We also used an mQTL dataset from a GWAS study with 349 A. thaliana accessions genotyped at 214,051 markers (see Additional file 1). Unbiased metabolomics was performed with accurate mass LC–MS on full rosette leaf tissue grown under normal conditions, and raw MS spectral data were processed with MetAlign-MSClust [18]. Linear mixed models in EMMA [19] and GAPIT [20] were applied to the genotype and metabolite profiling matrix, resulting in 1897 significant mQTLs (see Additional file 1). Again, the mQTLs were overlaid with BGCs predicted by plantiSMASH [4].

By examining the mQTL-BGC overlaps in the Arabidopsis dataset (see Additional file 1), we identified several cases in which predicted BGCs overlapped with mQTLs corresponding to molecules which are in fact known to be synthesized by enzymes in specialized metabolic pathways encoded by non-clustered genes. For example, a putative saccharide BGC located on chromosome 2 (9,744,720–9,841,503 bp) overlapped with multiple mQTLs connected to flavonoid saccharides, including kaempferitrin, a kaempferol species that is O-rhamnosylated on the third and seventh carbon atoms. The predicted BGC contained a UDP-glycosyltransferase (AT2G22930), which is similar in sequence to quercetin 3-O-glucosyltransferases. It is possible that this glycosyltransferase is able to 3-O-rhamnosylate kaempferol, since kaempferol and quercetin only differ in one hydroxy group on the B-ring. Alternatively, if the UDP-glycosyltransferase only has substrate specificity for glucose and not rhamnose, the mQTL could be caused by an indirect effect, due to glucosylation competing with rhamnosylation of the same flavonoid substrate. Intriguingly, the predicted gene cluster also encodes multiple Scl acyltransferases, two of which (AT2G22990 and AT2G23000) have previously been shown to act as anthocyanin sinapoyltransferases [21]. We observed a strong degree of coexpression (Pearson correlation coefficients of > 0.79) for the glycosyltransferase AT2G22930 with three Scl acyltransferases (AT2G22920, AT2G22960 and AT2G23000) in a leaf time-course analysis of the response to barley powdery mildew fungus Bgh (NCBI GEO dataset GSE39463, Additional file 2: Figure S2). Altogether, this result suggests that multiple enzymes encoded in this predicted gene cluster are involved in different types of flavonoid modification. We also found mQTLs for kaempferitrin in three other loci, encoding Scl acyltransferases, a cytochrome P450 and a beta-glucosidase that may potentially be involved in further modifying or breaking down the molecule. While this locus thus does not seem to encode a complete biosynthetic pathway by itself, it is still likely to encode multiple enzymatic steps involved in the same pathway, and may represent a case of ‘partial’ pathway clustering similar to cases reported for monoindole terpene alkaloid biosynthesis in Catharanthus roseus [22].

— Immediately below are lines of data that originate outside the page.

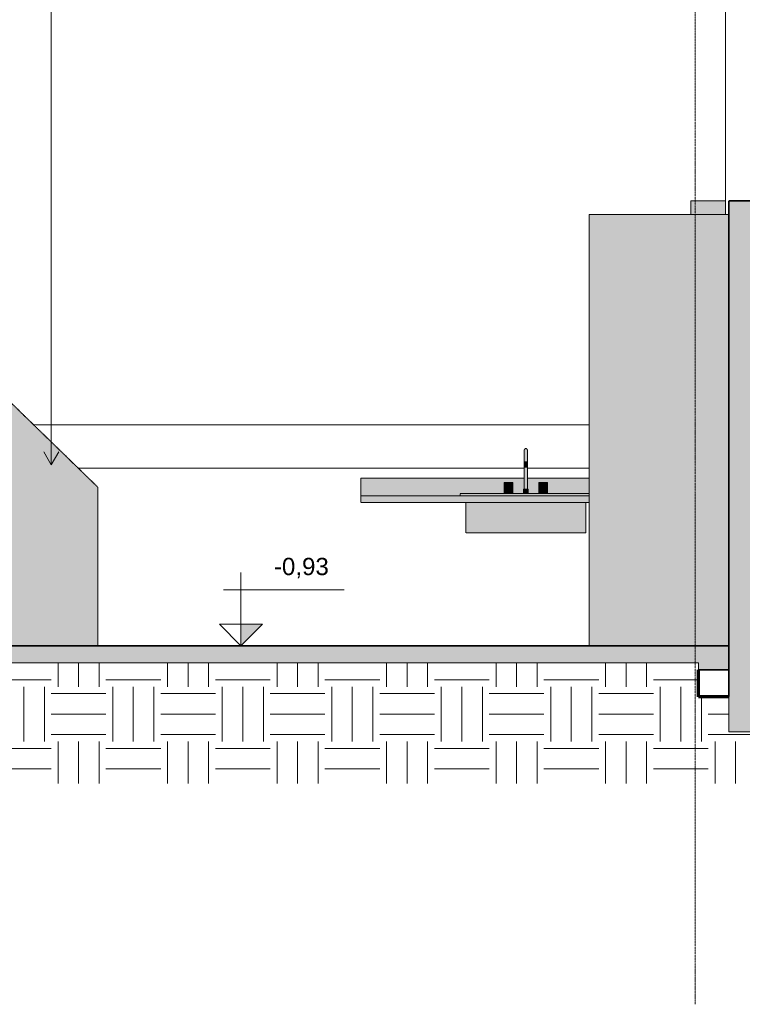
# Model space of a CAD drawing. Header units: millimetres. Extents: x -5210 to 64392, y -2302 to 8822.
# Tile 214 of 256: x 25979 to 30169, y -2079 to 3630. Entities that reach past the tile are written whole.
import ezdxf

# ---------------------------------------------------------------- set-up
doc = ezdxf.new("R2010")
doc.units = ezdxf.units.MM
doc.linetypes.add('_Tracejado médio', pattern=[4, 3, -1])
doc.linetypes.add('_Traço - ponto', pattern=[16, 12, -2, 0, -2])
for name, color, linetype, lineweight in [('A-FLOR', 192, 'Continuous', 25), ('A-FLOR-PATT', 8, 'Continuous', 25), ('A-GENM', 13, 'Continuous', 18), ('A-WALL', 113, 'Continuous', 25), ('A-WALL-PATT', 111, 'Continuous', 70), ('G-ANNO-DIMS', 111, 'Continuous', 9), ('G-ANNO-TEXT', 231, 'Continuous', 9), ('P-SANR-FIXT', 6, 'Continuous', 25), ('Q-CASE', 31, 'Continuous', 25), ('S-GRID', 1, 'Continuous', 9)]:
    doc.layers.add(name, color=color, linetype=linetype, lineweight=lineweight)
doc.styles.add('Arial_3', font='arial.ttf', dxfattribs={"height": 100})
pattern_1 = [(0, (14096.04, 3294.04), (317.5, 317.5), [317.5, -317.5]), (0, (14096.04, 3413.1), (317.5, 317.5), [317.5, -317.5]), (0, (14096.04, 3532.16), (317.5, 317.5), [317.5, -317.5]), (90, (14135.73, 3571.85), (-317.5, 317.5), [317.5, -317.5]), (90, (14254.8, 3571.85), (-317.5, 317.5), [317.5, -317.5]), (90, (14373.86, 3571.85), (-317.5, 317.5), [317.5, -317.5])]

# ---------------------------------------------------------------- blocks, each defined once
blk = doc.blocks.new('Topo da bancada com pia_0001 - Profundidade 600mm-3951622-CORTE C - MANTER _ DEMOLIR')
at = {"layer": 'Q-CASE', "linetype": '_Tracejado médio', "lineweight": 18}
h = blk.add_hatch(color=41, dxfattribs=at)
h.paths.add_polyline_path([(28522.2, 870), (28533.8, 870), (28533.8, 882.7), (28788.4, 882.7), (28788.4, 946.2), (28839.2, 946.2), (28839.2, 882.7), (28901.1, 882.7), (28901.1, 908.1), (28904.3, 908.1), (28904.3, 971.6), (27956.1, 971.6), (27956.1, 870), (28373.6, 870)], flags=0)
h.paths.add_polyline_path([(29190.9, 882.7), (29281.1, 882.7), (29281.1, 971.6), (28923.3, 971.6), (28923.4, 908.1), (28926.5, 908.1), (28926.5, 882.7), (28988.4, 882.7), (28988.4, 946.2), (29039.2, 946.2), (29039.2, 882.7), (29116.6, 882.7)], flags=0)
blk.add_hatch(color=41, dxfattribs=at).paths.add_polyline_path([(29281.1, 830), (29281.1, 870), (27956.1, 870), (27956.1, 830), (29265.2, 830)], flags=0)
at = {"layer": 'Q-CASE', "color": 30, "linetype": '_Tracejado médio', "lineweight": 18}
for p, q in [((27956.1, 971.6), (28904.4, 971.6)), ((27956.1, 870), (27956.1, 971.6)), ((28923.3, 971.6), (29281.1, 971.6)), ((27956.1, 870), (29281.1, 870)), ((27956.1, 830), (27956.1, 870)), ((29281.1, 830), (27956.1, 830))]:
    blk.add_line(p, q, dxfattribs=at)
blk = doc.blocks.new('M_Pia da cozinha-Simples - 760 x 535 mm-2937334-CORTE C - MANTER _ DEMOLIR')
at = {"layer": 'P-SANR-FIXT', "linetype": '_Tracejado médio', "lineweight": 18}
for points in [[(28909.7, 1070), (28913.8, 1070), (28913.8, 1143), (28909.7, 1142.1), (28906.4, 1139.5), (28904.5, 1135.6), (28904.4, 1124), (28904.6, 1109.6), (28904.3, 1086.4), (28904.5, 1070), (28906.4, 1070)], [(28913.8, 1070), (28923.1, 1070), (28923.3, 1111.8), (28923, 1135.9), (28921.3, 1139.5), (28918, 1142.1), (28913.8, 1143), (28913.8, 1088.6)], [(28911, 908.1), (28913.8, 908.1), (28913.8, 1035.1), (28904.5, 1035.1), (28904.3, 908.1), (28909.1, 908.1)], [(28909.7, 1035.1), (28913.8, 1035.1), (28913.8, 1070), (28904.5, 1070), (28904.5, 1035.1), (28906.4, 1035.1)], [(28918, 1035.1), (28923.1, 1035.1), (28923.1, 1070), (28913.8, 1070), (28913.8, 1035.1)], [(28916.7, 908.1), (28923.4, 908.1), (28922.9, 1035.1), (28913.8, 1035.1), (28913.8, 908.1)], [(28836.7, 882.7), (28839.2, 882.7), (28839.2, 946.2), (28788.4, 946.2), (28788.4, 882.7), (28833.2, 882.7)], [(28994.5, 882.7), (29039.2, 882.7), (29039.2, 946.2), (28988.4, 946.2), (28988.4, 882.7), (28990.9, 882.7)], [(29281.1, 870), (29281.1, 882.7), (28533.8, 882.7), (28533.8, 870), (29265.2, 870)], [(28901.1, 882.7), (28926.5, 882.7), (28926.5, 908.1), (28901.1, 908.1)], [(28591.6, 654.1), (28622.7, 654.1), (28622.7, 830), (28565.6, 830), (28565.6, 654.1), (28582.3, 654.1)], [(28968, 654.1), (29204.9, 654.1), (29204.9, 830), (28622.7, 830), (28622.7, 654.1), (28819.4, 654.1)], [(29204.9, 654.1), (29262.1, 654.1), (29262.1, 830), (29204.9, 830), (29204.9, 700.5)]]:
    blk.add_hatch(color=41, dxfattribs=at).paths.add_polyline_path(points, flags=0)
at = {"layer": 'P-SANR-FIXT', "color": 30, "linetype": '_Tracejado médio', "lineweight": 18}
for p, q in [((28904.3, 1070), (28904.3, 908.1)), ((28904.3, 1070), (28904.3, 1035.1)), ((28913.8, 1035.1), (28904.5, 1035.1)), ((28923.1, 1035.1), (28913.8, 1035.1)), ((28923.4, 908.1), (28923.4, 1070)), ((28923.4, 1035.1), (28923.4, 1070)), ((28788.4, 946.2), (28788.4, 882.7)), ((28788.4, 946.2), (28839.2, 946.2)), ((28839.2, 882.7), (28839.2, 946.2)), ((28988.4, 946.2), (28988.4, 882.7)), ((28988.4, 946.2), (29039.2, 946.2)), ((29039.2, 882.7), (29039.2, 946.2)), ((28533.8, 882.7), (29281.1, 882.7)), ((28533.8, 870), (28533.8, 882.7)), ((28901.1, 908.1), (28901.1, 882.7)), ((28901.1, 908.1), (28926.5, 908.1)), ((28926.5, 882.7), (28926.5, 908.1)), ((28565.6, 830), (28565.6, 654.1)), ((29262.1, 654.1), (29262.1, 830)), ((28622.7, 654.1), (28565.6, 654.1)), ((29204.9, 654.1), (28622.7, 654.1)), ((29262.1, 654.1), (29204.9, 654.1))]:
    blk.add_line(p, q, dxfattribs=at)
at = {"layer": 'P-SANR-FIXT', "color": 30, "linetype": '_Tracejado médio', "lineweight": 18, "flags": 128}
for points in [[(28904.3, 1133.5), (28904.3, 1133.9), (28904.3, 1134.3), (28904.4, 1134.7), (28904.4, 1135), (28904.5, 1135.4), (28904.6, 1135.8), (28904.7, 1136.2), (28904.8, 1136.5), (28904.9, 1136.9), (28905.1, 1137.2), (28905.2, 1137.6), (28905.4, 1137.9), (28905.6, 1138.3), (28905.8, 1138.6), (28906, 1138.9), (28906.2, 1139.2), (28906.4, 1139.5), (28906.7, 1139.8), (28906.9, 1140.1), (28907.2, 1140.4), (28907.5, 1140.6), (28907.8, 1140.9), (28908.1, 1141.1), (28908.4, 1141.3), (28908.7, 1141.5), (28909, 1141.7), (28909.3, 1141.9), (28909.7, 1142.1), (28910, 1142.3), (28910.4, 1142.4), (28910.7, 1142.5), (28911.1, 1142.7), (28911.5, 1142.8), (28911.8, 1142.8), (28912.2, 1142.9), (28912.6, 1143), (28913, 1143), (28913.3, 1143), (28913.7, 1143), (28913.8, 1143)], [(28913.8, 1143), (28914.2, 1143), (28914.6, 1143), (28915, 1143), (28915.4, 1142.9), (28915.7, 1142.9), (28916.1, 1142.8), (28916.5, 1142.7), (28916.8, 1142.6), (28917.2, 1142.4), (28917.5, 1142.3), (28917.9, 1142.1), (28918.2, 1142), (28918.6, 1141.8), (28918.9, 1141.6), (28919.2, 1141.4), (28919.5, 1141.2), (28919.8, 1140.9), (28920.1, 1140.7), (28920.4, 1140.4), (28920.7, 1140.2), (28920.9, 1139.9), (28921.2, 1139.6), (28921.4, 1139.3), (28921.6, 1139), (28921.8, 1138.7), (28922, 1138.3), (28922.2, 1138), (28922.4, 1137.7), (28922.6, 1137.3), (28922.7, 1137), (28922.8, 1136.6), (28923, 1136.3), (28923.1, 1135.9), (28923.1, 1135.5), (28923.2, 1135.1), (28923.3, 1134.8), (28923.3, 1134.4), (28923.3, 1134), (28923.4, 1133.6), (28923.4, 1133.5)], [(28904.3, 1070), (28904.3, 1072.6), (28904.3, 1075.1), (28904.3, 1077.6), (28904.3, 1080.1), (28904.3, 1082.6), (28904.3, 1085.1), (28904.3, 1087.6), (28904.3, 1090), (28904.3, 1092.4), (28904.3, 1094.8), (28904.3, 1097.1), (28904.3, 1099.3), (28904.3, 1101.6), (28904.3, 1103.8), (28904.3, 1105.9), (28904.3, 1107.9), (28904.3, 1110), (28904.3, 1111.9), (28904.3, 1113.8), (28904.3, 1115.6), (28904.3, 1117.3), (28904.3, 1119), (28904.3, 1120.5), (28904.3, 1122), (28904.3, 1123.5), (28904.3, 1124.8), (28904.3, 1126), (28904.3, 1127.2), (28904.3, 1128.2), (28904.3, 1129.2), (28904.3, 1130.1), (28904.3, 1130.9), (28904.3, 1131.5), (28904.3, 1132.1), (28904.3, 1132.6), (28904.3, 1133), (28904.3, 1133.3), (28904.3, 1133.4), (28904.3, 1133.5), (28904.3, 1133.5)], [(28904.3, 1133.5), (28904.3, 1133.5), (28904.3, 1133.3), (28904.3, 1133.1), (28904.3, 1132.7), (28904.3, 1132.3), (28904.3, 1131.7), (28904.3, 1131.1), (28904.3, 1130.3), (28904.3, 1129.5), (28904.3, 1128.5), (28904.3, 1127.5), (28904.3, 1126.3), (28904.3, 1125.1), (28904.3, 1123.8), (28904.3, 1122.4), (28904.3, 1121), (28904.3, 1119.4), (28904.3, 1117.8), (28904.3, 1116.1), (28904.3, 1114.3), (28904.3, 1112.4), (28904.3, 1110.5), (28904.3, 1108.5), (28904.3, 1106.4), (28904.3, 1104.3), (28904.3, 1102.2), (28904.3, 1100), (28904.3, 1097.7), (28904.3, 1095.4), (28904.3, 1093), (28904.3, 1090.6), (28904.3, 1088.2), (28904.3, 1085.8), (28904.3, 1083.3), (28904.3, 1080.8), (28904.3, 1078.3), (28904.3, 1075.8), (28904.3, 1073.2), (28904.3, 1070.7), (28904.3, 1070)], [(28923.4, 1133.5), (28923.4, 1133.5), (28923.4, 1133.3), (28923.4, 1133.1), (28923.4, 1132.7), (28923.4, 1132.3), (28923.4, 1131.7), (28923.4, 1131.1), (28923.4, 1130.3), (28923.4, 1129.5), (28923.4, 1128.5), (28923.4, 1127.5), (28923.4, 1126.3), (28923.4, 1125.1), (28923.4, 1123.8), (28923.4, 1122.4), (28923.4, 1121), (28923.4, 1119.4), (28923.4, 1117.8), (28923.4, 1116.1), (28923.4, 1114.3), (28923.4, 1112.4), (28923.4, 1110.5), (28923.4, 1108.5), (28923.4, 1106.4), (28923.4, 1104.3), (28923.4, 1102.2), (28923.4, 1100), (28923.4, 1097.7), (28923.4, 1095.4), (28923.4, 1093), (28923.4, 1090.6), (28923.4, 1088.2), (28923.4, 1085.8), (28923.4, 1083.3), (28923.4, 1080.8), (28923.4, 1078.3), (28923.4, 1075.8), (28923.4, 1073.2), (28923.4, 1070.7), (28923.4, 1070)], [(28923.4, 1070), (28923.4, 1072.6), (28923.4, 1075.1), (28923.4, 1077.6), (28923.4, 1080.1), (28923.4, 1082.6), (28923.4, 1085.1), (28923.4, 1087.6), (28923.4, 1090), (28923.4, 1092.4), (28923.4, 1094.8), (28923.4, 1097.1), (28923.4, 1099.3), (28923.4, 1101.6), (28923.4, 1103.8), (28923.4, 1105.9), (28923.4, 1107.9), (28923.4, 1110), (28923.4, 1111.9), (28923.4, 1113.8), (28923.4, 1115.6), (28923.4, 1117.3), (28923.4, 1119), (28923.4, 1120.5), (28923.4, 1122), (28923.4, 1123.5), (28923.4, 1124.8), (28923.4, 1126), (28923.4, 1127.2), (28923.4, 1128.2), (28923.4, 1129.2), (28923.4, 1130.1), (28923.4, 1130.9), (28923.4, 1131.5), (28923.4, 1132.1), (28923.4, 1132.6), (28923.4, 1133), (28923.4, 1133.3), (28923.4, 1133.4), (28923.4, 1133.5), (28923.4, 1133.5)]]:
    blk.add_lwpolyline(points, dxfattribs=at)
blk = doc.blocks.new('Embasamento - Embasamento-4325691-CORTE C - MANTER _ DEMOLIR')
at = {"layer": 'A-GENM'}
for p, q in [((26060.6, 1280), (29281.1, 1280)), ((28904.5, 1030), (26317.9, 1030)), ((29281.1, 1030), (28923.2, 1030))]:
    blk.add_line(p, q, dxfattribs=at)
blk = doc.blocks.new('Spot Elevations - Spot elevation - Corte-10531-CORTE C - MANTER _ DEMOLIR')
at = {"layer": 'G-ANNO-DIMS'}
blk.add_hatch(color=256, dxfattribs=at).paths.add_polyline_path([(-4375.8, 1055), (-4500.8, 930), (-4500.8, 1055)], flags=0)
for p, q in [((-4500.8, 1055), (-4500.8, 1355)), ((-3902, 1255), (-4602, 1255)), ((-4625.8, 1055), (-4375.8, 1055)), ((-4500.8, 930), (-4625.8, 1055)), ((-4625.8, 1055), (-4375.8, 1055)), ((-4375.8, 1055), (-4500.8, 930)), ((-4500.8, 930), (-4500.8, 1055)), ((-4500.8, 1055), (-4500.8, 930))]:
    blk.add_line(p, q, dxfattribs=at)

msp = doc.modelspace()

# ---------------------------------------------------------------- hatches: boundary and pattern name
at = {"layer": 'A-FLOR-PATT', "lineweight": 18}
msp.add_hatch(color=21, dxfattribs=at).paths.add_polyline_path([(29915.802, -140), (30091.115, -140), (30091.115, 0), (22001.425, 0), (22001.425, -100), (29915.802, -100)], flags=0)
h = msp.add_hatch(dxfattribs=at)
h.set_pattern_fill('FP_3', color=256, style=0, pattern_type=2)
h.set_pattern_definition(pattern_1)
h.paths.add_polyline_path([(25698.778, -799.556), (29915.802, -799.556), (29915.802, -100), (21981.115, -100), (21981.115, -799.556), (25294.356, -799.556)], flags=0)
h = msp.add_hatch(dxfattribs=at)
h.set_pattern_fill('FP_3', color=256, style=0, pattern_type=2)
h.set_pattern_definition(pattern_1)
h.paths.add_polyline_path([(30229.623, -799.556), (32831.597, -799.556), (32831.597, -296.794), (30291.115, -296.794), (30291.115, -500), (30091.115, -500), (30091.115, -296.794), (29915.802, -296.794), (29915.802, -799.556), (30222.141, -799.556)], flags=0)
at = {"layer": 'A-WALL'}
for color, points in [(41, [(30071.115, 2500), (30071.115, 2579.958), (29871.115, 2579.958), (29871.115, 2500)]), (254, [(26431.115, 0), (26431.115, 920), (25371.115, 1950), (23921.115, 1950), (23921.115, 0), (25698.778, 0)])]:
    msp.add_hatch(color=color, dxfattribs=at).paths.add_polyline_path(points, flags=0)
at = {"layer": 'A-WALL', "lineweight": 18}
msp.add_hatch(color=41, dxfattribs=at).paths.add_polyline_path([(30091.115, 0), (30091.115, 2500), (29281.115, 2500), (29281.115, 0), (29915.802, 0)], flags=0)
at = {"layer": 'A-WALL-PATT', "lineweight": 18}
msp.add_hatch(color=21, dxfattribs=at).paths.add_polyline_path([(30291.115, -500), (30291.115, 2580), (30091.115, 2580), (30091.115, -500)], flags=0)

# ---------------------------------------------------------------- linework, layer by layer
at = {"layer": 'A-FLOR', "color": 40, "linetype": '_Tracejado médio', "lineweight": 35}
for p, q in [((30091.115, 0), (22001.425, 0)), ((30091.115, -140), (30091.115, 0)), ((29915.802, -140), (30091.115, -140))]:
    msp.add_line(p, q, dxfattribs=at)
at = {"layer": 'A-FLOR', "color": 30, "linetype": '_Tracejado médio', "lineweight": 18}
for p, q in [((22001.425, -100), (29915.802, -100)), ((29915.802, -100), (29915.802, -140))]:
    msp.add_line(p, q, dxfattribs=at)
at = {"layer": 'A-FLOR', "lineweight": 18}
for p, q in [((29915.802, -100), (22001.425, -100)), ((29915.802, -140), (29915.802, -100)), ((30091.115, -500), (30091.115, -296.794)), ((30291.115, -500), (30091.115, -500))]:
    msp.add_line(p, q, dxfattribs=at)
at = {"layer": 'A-FLOR', "lineweight": 70}
for p, q in [((29915.802, -296.794), (29915.802, -140)), ((30091.115, -296.794), (29915.802, -296.794))]:
    msp.add_line(p, q, dxfattribs=at)
at = {"layer": 'A-WALL', "lineweight": 18}
msp.add_line((30071.115, 2500), (30071.115, 4938.654), dxfattribs=at)
at = {"layer": 'A-WALL', "color": 30, "linetype": '_Tracejado médio', "lineweight": 18}
for p, q in [((29871.115, 2500), (29871.115, 2579.958)), ((29871.115, 2579.958), (30071.115, 2579.958)), ((30091.115, 2500), (29281.115, 2500)), ((29281.115, 2500), (29281.115, 0)), ((26431.115, 920), (25371.115, 1950)), ((26431.115, 0), (26431.115, 920)), ((30091.115, -296.794), (30091.115, -500)), ((30091.115, -500), (30291.115, -500))]:
    msp.add_line(p, q, dxfattribs=at)
at = {"layer": 'A-WALL', "color": 40, "linetype": '_Tracejado médio', "lineweight": 35}
for p, q in [((30091.115, 2580), (30091.115, -296.794)), ((30291.115, 2580), (30091.115, 2580))]:
    msp.add_line(p, q, dxfattribs=at)
at = {"layer": 'G-ANNO-TEXT', "color": 7}
for q in [(26162.127, 6714.751), (26118.825, 1123.604), (26205.428, 1123.604)]:
    msp.add_line((26162.127, 1048.604), q, dxfattribs=at)
at = {"layer": 'S-GRID', "linetype": '_Traço - ponto'}
msp.add_line((29896.115, -2079.15), (29896.115, 8028.481), dxfattribs=at)

# ---------------------------------------------------------------- block references
at = {"layer": 'A-GENM'}
msp.add_blockref('Embasamento - Embasamento-4325691-CORTE C - MANTER _ DEMOLIR', (0, 0), dxfattribs=at)
at = {"layer": 'G-ANNO-DIMS'}
msp.add_blockref('Spot Elevations - Spot elevation - Corte-10531-CORTE C - MANTER _ DEMOLIR', (31762.433, -930), dxfattribs=at)
at = {"layer": 'P-SANR-FIXT', "color": 30, "linetype": '_Tracejado médio', "lineweight": 18}
msp.add_blockref('M_Pia da cozinha-Simples - 760 x 535 mm-2937334-CORTE C - MANTER _ DEMOLIR', (0, 0), dxfattribs=at)
at = {"layer": 'Q-CASE', "color": 30, "linetype": '_Tracejado médio', "lineweight": 18}
msp.add_blockref('Topo da bancada com pia_0001 - Profundidade 600mm-3951622-CORTE C - MANTER _ DEMOLIR', (0, 0), dxfattribs=at)

# ---------------------------------------------------------------- texts
at = {"layer": 'G-ANNO-DIMS', "insert": (27452.958, 509.532), "char_height": 100, "width": 380.74495, "attachment_point": 1, "line_spacing_factor": 0.941778, "style": 'Arial_3'}
msp.add_mtext('-0,93', dxfattribs=at)

doc.saveas('drawing.dxf')

Of the four experimentally characterized BGCs in Arabidopsis, three—the thalianol, marneral and tirucalladienol clusters—are specifically expressed in roots [23,24,25]; hence, we did not expect to find mQTLs for these molecules in this GWAS dataset. The fourth, the arabidiol/baruol BGC, contains some genes that are expressed in both root and leaf (such as the baruol synthase PEN2, according to the Arabidopsis eFP browser [http://bar.utoronto.ca/efp/cgi-bin/efpWeb.cgi]). Indeed, six mQTLs mapped to different genes in this BGC, and two of these mQTLs mapped specifically to the PEN1 and PEN2 oxidosqualene cyclase-encoding genes. The masses of the metabolites connected to this mQTL represent yet unknown compounds, and further research (e.g. MS/MS fragmentation analysis) is needed to confirm whether these masses belong to arabidiol/baruol derivatives or unrelated metabolites due to, e.g., downstream effects.

We also observed cases in which predicted BGCs may be regarded as putative false positives, in the sense that they do not encode enzyme-coding genes that are likely to function within the same pathway. E.g., a methoxyglucobrassicin mQTL was associated with the cytochrome P450 gene CYP81F2 (AT5G57220, which has been implicated in glucobrassicin biosynthesis [26]) within a predicted BGC (chromosome 5: 23,184,526–23,213,996 bp) containing no other enzyme-coding genes known to be involved in glucosinolate biosynthesis. For two other methoxyglucobrassicin mQTLs we could not derive a functional link with glucosinolate biosynthesis.

Finally and perhaps most interestingly, 23 predicted gene clusters showed only overlap with mQTLs of metabolites that have not been annotated yet, showing a clear potential for discovery of novel enzymes that can be tested through synthetic biology approaches to identify novel chemistry. Among such predicted gene clusters, one may identify likely bona fide BGCs by finding cases in which multiple mQTLs overlap with the same predicted BGC (and in the case of GWAS, with multiple different genes within it) and are likely to represent biosynthetically connected molecules, based on e.g. having defined mass differences between them.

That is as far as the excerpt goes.